___ Information given
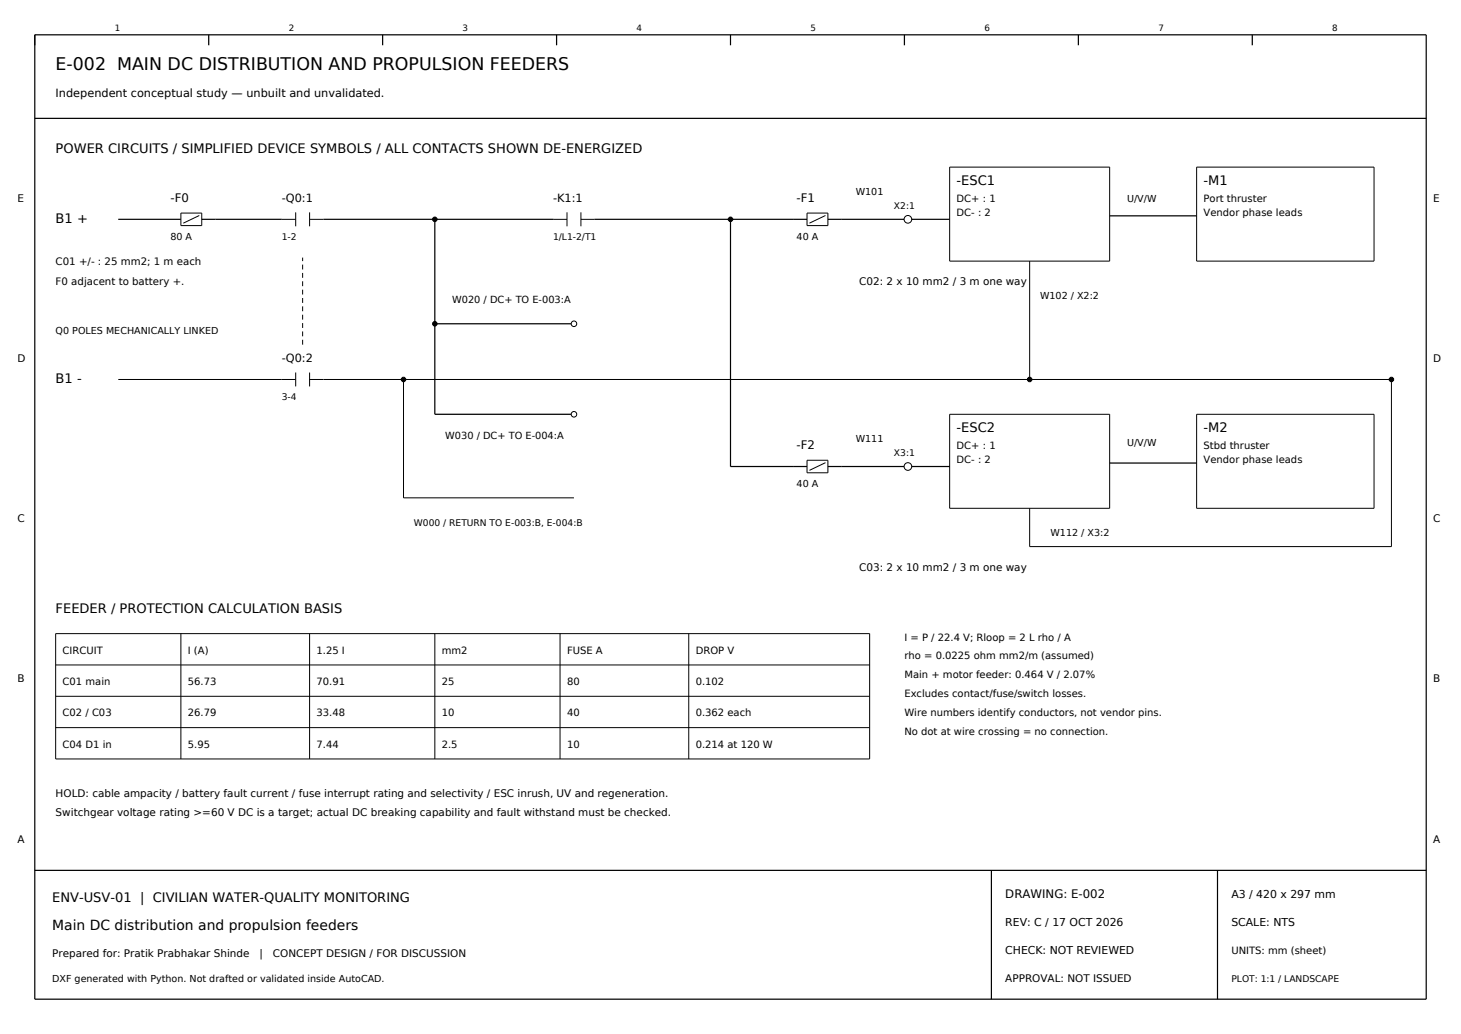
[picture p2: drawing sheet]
<svg xmlns="http://www.w3.org/2000/svg" width="420mm" height="297mm" viewBox="0 0 420 297" stroke-linecap="round" stroke-linejoin="round" font-family="sans-serif">
<defs><g id="words">
<text font-size="5" x="16" y="20">E-002 MAIN DC DISTRIBUTION AND PROPULSION FEEDERS</text>
<text font-size="4" x="15" y="267">Main DC distribution and propulsion feeders</text>
<g font-size="3.8">
<text x="16" y="44">POWER CIRCUITS / SIMPLIFIED DEVICE SYMBOLS / ALL CONTACTS SHOWN DE-ENERGIZED</text>
<text x="275" y="53">-ESC1</text>
<text x="346" y="53">-M1</text>
<text x="16" y="64">B1 +</text>
<text x="16" y="110">B1 -</text>
<text x="275" y="124">-ESC2</text>
<text x="346" y="124">-M2</text>
<text x="16" y="176">FEEDER / PROTECTION CALCULATION BASIS</text>
<text x="15" y="259">ENV-USV-01 | CIVILIAN WATER-QUALITY MONITORING</text>
</g>
<g font-size="3.4">
<text x="49" y="58">-F0</text>
<text x="229" y="58">-F1</text>
<text x="229" y="129">-F2</text>
<text x="289" y="258">DRAWING: E-002</text>
</g>
<g font-size="3.3">
<text x="16" y="28">Independent conceptual study — unbuilt and unvalidated.</text>
<text x="81" y="58">-Q0:1</text>
<text x="159" y="58">-K1:1</text>
<text x="81" y="104">-Q0:2</text>
</g>
<g font-size="3.1">
<text x="354" y="258">A3 / 420 x 297 mm</text>
<text x="289" y="266">REV: C / 17 OCT 2026</text>
<text x="354" y="266">SCALE: NTS</text>
<text x="289" y="274">CHECK: NOT REVIEWED</text>
</g>
<g font-size="3">
<text x="5" y="58">E</text>
<text x="412" y="58">E</text>
<text x="247" y="82">C02: 2 x 10 mm2 / 3 m one way</text>
<text x="5" y="104">D</text>
<text x="412" y="104">D</text>
<text x="5" y="150">C</text>
<text x="412" y="150">C</text>
<text x="247" y="164">C03: 2 x 10 mm2 / 3 m one way</text>
<text x="5" y="196">B</text>
<text x="412" y="196">B</text>
<text x="16" y="229">HOLD: cable ampacity / battery fault current / fuse interrupt rating and selectivity / ESC inrush, UV and regeneration.</text>
<text x="16" y="234.3">Switchgear voltage rating &gt;=60 V DC is a target; actual DC breaking capability and fault withstand must be checked.</text>
<text x="5" y="242">A</text>
<text x="412" y="242">A</text>
<text x="15" y="275">Prepared for: Pratik Prabhakar Shinde</text>
<text x="74.6" y="275">|</text>
<text x="78.5" y="275">CONCEPT DESIGN / FOR DISCUSSION</text>
<text x="289" y="282">APPROVAL: NOT ISSUED</text>
</g>
<g font-size="2.9">
<text x="275" y="58">DC+ : 1</text>
<text x="346" y="58">Port thruster</text>
<text x="275" y="62">DC- : 2</text>
<text x="346" y="62">Vendor phase leads</text>
<text x="16" y="76">C01 +/- : 25 mm2; 1 m each</text>
<text x="16" y="82">F0 adjacent to battery +.</text>
<text x="275" y="129">DC+ : 1</text>
<text x="346" y="129">Stbd thruster</text>
<text x="275" y="133">DC- : 2</text>
<text x="346" y="133">Vendor phase leads</text>
<text x="260" y="184">I = P / 22.4 V; Rloop = 2 L rho / A</text>
<text x="18" y="187.8">CIRCUIT</text>
<text x="54" y="187.8">I (A)</text>
<text x="91" y="187.8">1.25 I</text>
<text x="127" y="187.8">mm2</text>
<text x="163" y="187.8">FUSE A</text>
<text x="200" y="187.8">DROP V</text>
<text x="260" y="189.4">rho = 0.0225 ohm mm2/m (assumed)</text>
<text x="18" y="196.8">C01 main</text>
<text x="54" y="196.8">56.73</text>
<text x="91" y="196.8">70.91</text>
<text x="127" y="196.8">25</text>
<text x="163" y="196.8">80</text>
<text x="200" y="196.8">0.102</text>
<text x="260" y="194.8">Main + motor feeder: 0.464 V / 2.07%</text>
<text x="260" y="200.2">Excludes contact/fuse/switch losses.</text>
<text x="18" y="205.8">C02 / C03</text>
<text x="54" y="205.8">26.79</text>
<text x="91" y="205.8">33.48</text>
<text x="127" y="205.8">10</text>
<text x="163" y="205.8">40</text>
<text x="200" y="205.8">0.362 each</text>
<text x="260" y="205.6">Wire numbers identify conductors, not vendor pins.</text>
<text x="18" y="214.8">C04 D1 in</text>
<text x="54" y="214.8">5.95</text>
<text x="91" y="214.8">7.44</text>
<text x="127" y="214.8">2.5</text>
<text x="163" y="214.8">10</text>
<text x="200" y="214.8">0.214 at 120 W</text>
<text x="260" y="211">No dot at wire crossing = no connection.</text>
<text x="354" y="274">UNITS: mm (sheet)</text>
</g>
<g font-size="2.8">
<text x="246" y="56">W101</text>
<text x="324" y="58">U/V/W</text>
<text x="49" y="69">80 A</text>
<text x="229" y="69">40 A</text>
<text x="130" y="87">W020 / DC+ TO E-003:A</text>
<text x="299" y="86">W102 / X2:2</text>
<text x="16" y="96">Q0 POLES MECHANICALLY LINKED</text>
<text x="128" y="126">W030 / DC+ TO E-004:A</text>
<text x="246" y="127">W111</text>
<text x="324" y="128">U/V/W</text>
<text x="229" y="140">40 A</text>
<text x="302" y="154">W112 / X3:2</text>
<text x="15" y="282">DXF generated with Python. Not drafted or validated inside AutoCAD.</text>
</g>
<g font-size="2.6">
<text x="257" y="60">X2:1</text>
<text x="81" y="69">1-2</text>
<text x="159" y="69">1/L1-2/T1</text>
<text x="81" y="115">3-4</text>
<text x="257" y="131">X3:1</text>
<text x="119" y="151">W000 / RETURN TO E-003:B, E-004:B</text>
<text x="354" y="282">PLOT: 1:1 / LANDSCAPE</text>
</g>
<g font-size="2.5">
<text x="33" y="9">1</text>
<text x="83" y="9">2</text>
<text x="133" y="9">3</text>
<text x="183" y="9">4</text>
<text x="233" y="9">5</text>
<text x="283" y="9">6</text>
<text x="333" y="9">7</text>
<text x="383" y="9">8</text>
</g>
</g></defs>
<g fill="none" stroke="#000" stroke-width=".35">
<path d="M10 10h400v277h-400zM60 10v3M110 10v3M160 10v3M210 10v3M260 10v3M310 10v3M360 10v3M10 34h400M34 63h18M58 63h23M93 63h66"/>
<path d="M125 63v30M171 63h61M210 63v20M238 63h35M10 250h400M285 250v37M350 250v37"/>
</g>
<g fill="none" stroke="#000" stroke-width=".29">
<path d="M52 61.2h6v3.6h-6zM57.3 61.9l-4.6 2.2M81 63h4M85 61v4M89 63h4M89 61v4M159 63h4M163 61v4M167 63h4M167 61v4M232 61.2h6v3.6h-6zM237.3 61.9l-4.6 2.2"/>
<path d="M34 109h51M85 107v4M89 107v4M89 109h311"/>
</g>
<path d="M87 99v-25" fill="none" stroke="#000" stroke-width=".29" stroke-dasharray="1.4 1" stroke-linecap="butt"/>
<g fill="#000" stroke="#000" stroke-width=".29">
<circle cx="125" cy="63" r=".65"/>
<circle cx="210" cy="63" r=".65"/>
</g>
<circle cx="261" cy="63" r="1.1" fill="#fff" stroke="#000" stroke-width=".29"/>
<path d="M273 48h46v27h-46zM344 48h51v27h-51zM296 75v34M232 132.2h6v3.6h-6zM237.3 132.9l-4.6 2.2" fill="none" stroke="#000" stroke-width=".29"/>
<circle cx="296" cy="109" r=".65" fill="#000" stroke="#000" stroke-width=".29"/>
<path d="M319 62h25M210 83v51h22M238 134h35" fill="none" stroke="#000" stroke-width=".35"/>
<circle cx="261" cy="134" r="1.1" fill="#fff" stroke="#000" stroke-width=".29"/>
<path d="M273 119h46v27h-46zM344 119h51v27h-51zM400 109v48h-104v-11" fill="none" stroke="#000" stroke-width=".29"/>
<circle cx="400" cy="109" r=".65" fill="#000" stroke="#000" stroke-width=".29"/>
<path d="M125 93h40M319 133h25" fill="none" stroke="#000" stroke-width=".35"/>
<circle cx="165" cy="93" r=".8" fill="#fff" stroke="#000" stroke-width=".29"/>
<circle cx="125" cy="93" r=".65" fill="#000" stroke="#000" stroke-width=".29"/>
<path d="M125 93v26h40" fill="none" stroke="#000" stroke-width=".35"/>
<circle cx="165" cy="119" r=".8" fill="#fff" stroke="#000" stroke-width=".29"/>
<path d="M116 109v34h49M16 182h234v36h-234zM16 191h234M16 200h234M52 182v36M89 182v36M125 182v36M161 182v36M198 182v36M16 209h234" fill="none" stroke="#000" stroke-width=".29"/>
<circle cx="116" cy="109" r=".65" fill="#000" stroke="#000" stroke-width=".29"/>
<use href="#words"/>
</svg>
______
### Aim of the exercise
Take every line from the records that holds "each" and copy it down.

### Solution to this problem
<text x="16" y="76">C01 +/- : 25 mm2; 1 m each</text>
<text x="200" y="205.8">0.362 each</text>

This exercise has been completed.